### Prompt
Below are some records. Return exactly the lines from the one with "Answer: Awaiting Which" to the one with "Answer: Track Usage", and nothing else.
Data supplied section start
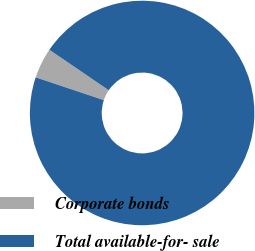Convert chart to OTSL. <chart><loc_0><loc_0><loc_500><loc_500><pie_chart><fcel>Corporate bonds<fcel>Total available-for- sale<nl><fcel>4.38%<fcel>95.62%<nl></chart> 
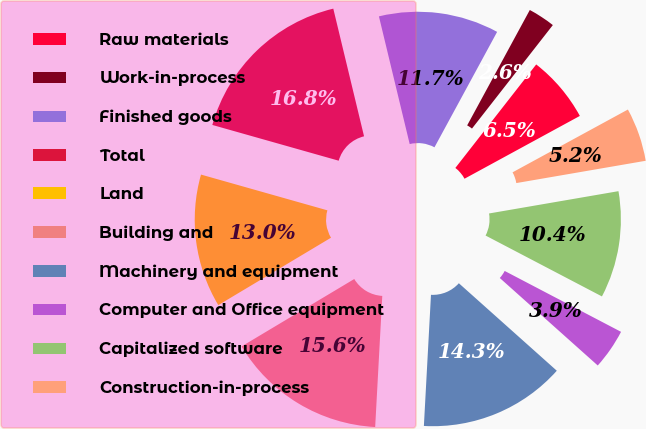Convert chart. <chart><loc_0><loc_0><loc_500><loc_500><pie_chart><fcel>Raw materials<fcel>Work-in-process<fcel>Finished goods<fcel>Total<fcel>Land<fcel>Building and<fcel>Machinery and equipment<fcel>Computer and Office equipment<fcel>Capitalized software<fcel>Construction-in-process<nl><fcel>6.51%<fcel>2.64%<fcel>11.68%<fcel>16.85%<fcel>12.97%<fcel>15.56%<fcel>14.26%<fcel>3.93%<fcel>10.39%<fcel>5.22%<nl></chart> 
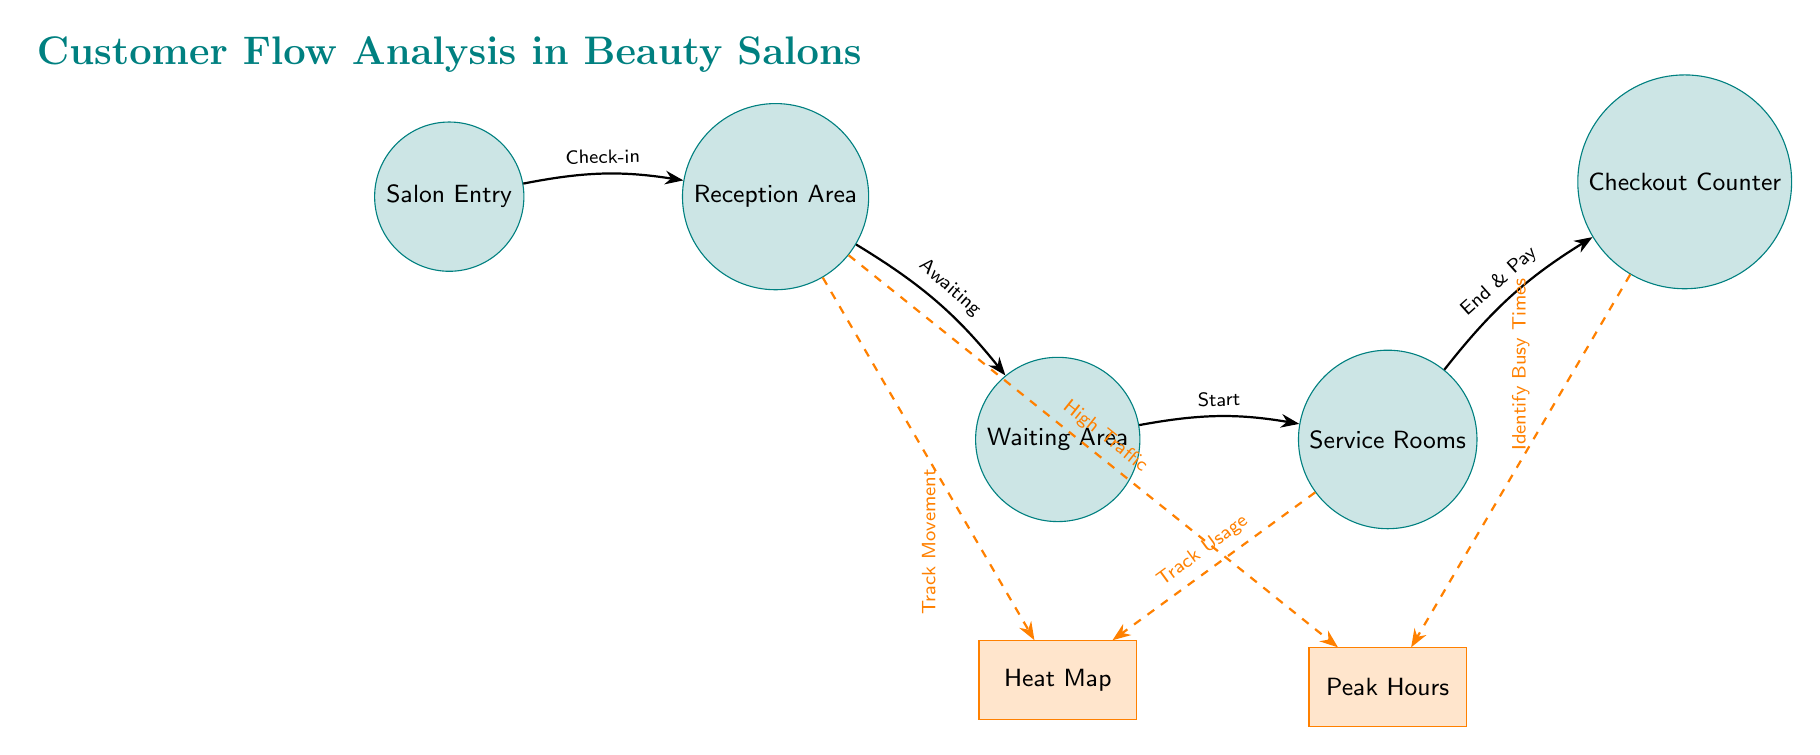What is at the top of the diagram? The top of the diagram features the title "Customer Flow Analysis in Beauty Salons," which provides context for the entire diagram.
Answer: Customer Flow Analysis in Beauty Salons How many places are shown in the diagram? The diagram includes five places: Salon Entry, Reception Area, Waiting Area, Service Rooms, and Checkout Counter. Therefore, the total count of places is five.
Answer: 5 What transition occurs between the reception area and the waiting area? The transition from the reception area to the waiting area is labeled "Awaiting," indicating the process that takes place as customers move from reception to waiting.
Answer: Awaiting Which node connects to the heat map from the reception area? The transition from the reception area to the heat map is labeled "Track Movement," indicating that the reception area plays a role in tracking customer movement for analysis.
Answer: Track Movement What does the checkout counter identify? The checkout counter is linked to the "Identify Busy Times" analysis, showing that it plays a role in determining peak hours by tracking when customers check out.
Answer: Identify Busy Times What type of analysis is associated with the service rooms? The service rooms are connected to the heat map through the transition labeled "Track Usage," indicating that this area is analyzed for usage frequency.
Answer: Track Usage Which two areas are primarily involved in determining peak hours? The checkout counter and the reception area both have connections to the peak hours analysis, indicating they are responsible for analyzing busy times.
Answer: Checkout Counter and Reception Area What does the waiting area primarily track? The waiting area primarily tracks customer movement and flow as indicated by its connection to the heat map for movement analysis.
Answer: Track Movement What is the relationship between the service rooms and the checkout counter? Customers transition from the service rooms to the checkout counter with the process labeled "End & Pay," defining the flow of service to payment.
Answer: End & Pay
Data supplied section end
### Result of the task
Answer: Awaiting Which node connects to the heat map from the reception area? The transition from the reception area to the heat map is labeled "Track Movement," indicating that the reception area plays a role in tracking customer movement for analysis.
Answer: Track Movement What does the checkout counter identify? The checkout counter is linked to the "Identify Busy Times" analysis, showing that it plays a role in determining peak hours by tracking when customers check out.
Answer: Identify Busy Times What type of analysis is associated with the service rooms? The service rooms are connected to the heat map through the transition labeled "Track Usage," indicating that this area is analyzed for usage frequency.
Answer: Track Usage Which two areas are primarily involved in determining peak hours? The checkout counter and the reception area both have connections to the peak hours analysis, indicating they are responsible for analyzing busy times.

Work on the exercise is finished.